Mark S. Miller erights at
Fri Aug 29 19:25:05 PDT 2008

On Fri, Aug 29, 2008 at 6:45 PM, Felix <felix8a at> wrote:
> ihab.awad at wrote:
>> Also, you seem to be asking for an explicit way to say, "this variable
>> does not respect Tennent correspondence; I know I am doing this and I
>> have a good reason" --
> I'm suspicious of Tennent correspondence, because I think simple
> variations of the statement do not match anyone's expectations.
> if I understand correctly, Tennent correspondence says:
> t1: any expr should be equivalent to
>         (function() {expr}) ()
> and one of the difficulties is, what if expr has control-flow
> statements, such as break or return.  another difficulty is, what if
> expr has lexically-scoped statements, such as local variable declarations.

Since ES is not an expression language, it's useful to divide the question into

* TC for expressions
   expr equiv (function(){return expr;})()
   ES violations: this, arguments.
   'this' breakage can possibly be addressed with '.bind(this)' as in
my previous message.
   expr equiv (function(){return expr;}).call(this)

* TC for blocks
   {stats} equiv (function(){stats})();
   Same issues re this, arguments
   Additional ES violations: return, break, continue, var hoisting

Note: The above litany of problems are not fixable in ES. But we
should try to avoid digging this hole any deeper.

> assume N is a unique generated symbol.  Tennant correspondence could
> also be stated as
> t2: any expr should be equivalent to a function in the same scope
>        function N() {expr}
>     and a call to that function
>        N()
> that isn't true in any practical language I know,

Smalltalk, Scheme, Self, E, AmbientTalk/2, and apparently Scala.
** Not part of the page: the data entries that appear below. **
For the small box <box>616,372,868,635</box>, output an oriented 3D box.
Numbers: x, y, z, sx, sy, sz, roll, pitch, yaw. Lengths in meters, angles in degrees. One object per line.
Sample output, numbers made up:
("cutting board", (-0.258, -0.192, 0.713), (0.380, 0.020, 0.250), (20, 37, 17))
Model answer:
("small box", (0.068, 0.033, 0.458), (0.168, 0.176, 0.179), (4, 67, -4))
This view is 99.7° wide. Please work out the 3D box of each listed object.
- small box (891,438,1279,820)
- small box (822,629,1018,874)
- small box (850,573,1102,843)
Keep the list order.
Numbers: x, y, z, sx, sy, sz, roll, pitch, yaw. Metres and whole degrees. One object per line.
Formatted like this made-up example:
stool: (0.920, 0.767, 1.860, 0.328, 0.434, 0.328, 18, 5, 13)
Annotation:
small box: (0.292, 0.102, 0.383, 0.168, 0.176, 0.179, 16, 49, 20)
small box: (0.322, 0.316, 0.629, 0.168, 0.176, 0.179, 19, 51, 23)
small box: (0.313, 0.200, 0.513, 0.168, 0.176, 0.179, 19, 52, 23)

In
general, I'd expect it to be true in any language in which closures
are used to do all control abstraction, which probably includes a
large number of languages I haven't mentioned. (Note: E currently has
one minor TC violation which we consider to be a bug and plan to fix.)

> and it seems unhelpful
> to say that function declaration is broken in all of them.  I don't
> think anyone expects that you can extract arbitrary pieces of code into
> a separate function without fixing up control-flow and scoping.
> and part of the usefulness of functions is that they _do_ introduce a
> discontinuity, which lets you express things that are more difficult to
> express without it.

Smalltalk, Scheme (at least prior to R6RS), and Self are widely and
properly regarded as among the least broken programming languages that
have ever been designed. The early JavaScript set us on a path worth
rescuing largely due to Brendan's good taste in appreciating the
virtues of Scheme and Self.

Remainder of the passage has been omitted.